In 2006, the Generalitat Valenciana proposed a number of new lines and extensions which were abandoned due to lack of funds after the 2008 financial crisis.

===Extension from Alacant to Tavernes Blanques===
Line 10 was originally planned to have run underground through Ciutat Vella (Valencia's historic centre) before emerging at surface level at Pont de Fusta station and continuing to Tavernes Blanques. One station on this line, Mercat Central, began construction in 2007 and was completed at a cost of 27 million euros, but remains a ghost station. In March 2021, the director of Valencian railways said that the project had been abandoned and that a decision would be taken on how to use the completed station. In 2023 the Valencia regional government began feasibility studies in connecting the disused station with the rest of the network through a new tunnel. Also at the end of 2023, after winning the 2023 Valencian regional election on a programme which included completing Line 10, the People's Party of the Valencian Community began considering various options for northern extensions, including the original idea to Tavernes Blanques or alternative routes to Empalme station. In February 2025 the regional government announced a tender process for the preparation of preliminary studies for a northern Line 10 extension. Interested parties would have to submit a route plan serving the Orriols and Torrefiel neighbourhoods and linking to Empalme.

===Extension to Vilamarxant===
Plans were made for an extension of Line 9 to Vilamarxant. However, by 2015, the plans had been abandoned.

===Orbital line===
This would have been a tram line connecting Valencia's north and south boulevards with the towns of Alboraya, Mislata and Xirivella.
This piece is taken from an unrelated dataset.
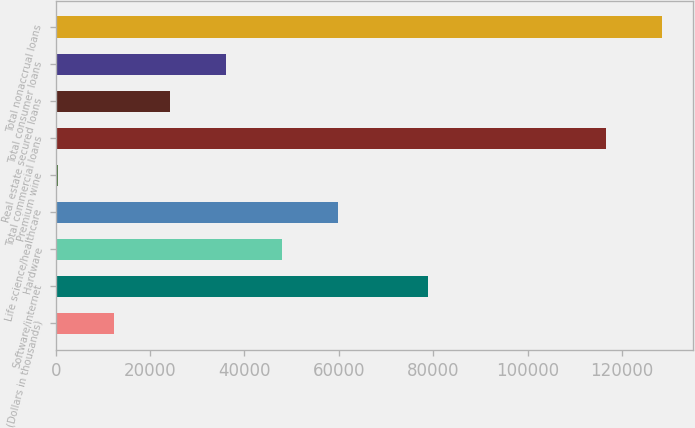Convert chart to OTSL. <chart><loc_0><loc_0><loc_500><loc_500><bar_chart><fcel>(Dollars in thousands)<fcel>Software/internet<fcel>Hardware<fcel>Life science/healthcare<fcel>Premium wine<fcel>Total commercial loans<fcel>Real estate secured loans<fcel>Total consumer loans<fcel>Total nonaccrual loans<nl><fcel>12286.8<fcel>78860<fcel>47944.2<fcel>59830<fcel>401<fcel>116656<fcel>24172.6<fcel>36058.4<fcel>128542<nl></chart> 
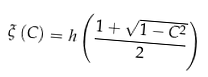Convert formula to latex. <formula><loc_0><loc_0><loc_500><loc_500>\xi \left ( C \right ) = h \left ( \frac { 1 + \sqrt { 1 - C ^ { 2 } } } { 2 } \right )</formula>

It would have brought metro service to Valencia's Tres Forques, L'Olivereta and Malilla districts. Only a small part of the line was constructed through Valencia's Torrefiel and Orriols districts and opened as part of the new Line 6 in September 2007.
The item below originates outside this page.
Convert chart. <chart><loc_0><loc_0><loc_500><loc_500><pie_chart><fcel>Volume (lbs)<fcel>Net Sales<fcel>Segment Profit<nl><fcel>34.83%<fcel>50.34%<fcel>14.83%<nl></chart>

===Horta Sud light metro===
This line, initially designated as line 8, would have begun at La Fe. It would have run through Valencia's district of La Torre and the towns of Sedaví, Alfafar and Benetússer before dividing into two. The southern branch would have gone through Massanassa, Catarroja, Albal, Beniparrell before terminating in Silla. The western branch was to run through Paiporta, Torrent, Alaquàs and Aldaia. It would then have split into 2 further branches. One would have terminated at Bonaire shopping centre with the other continuing through Quart de Poblet to the terminus at Faitanar.

===Coastal tram===
The coastal tram (es), originally designated as Line 10, would have connected Alboraya's Port Saplaya and Patacona beach with Valencia's Malvarosa and Las Arenas beaches before terminating at Marítim station.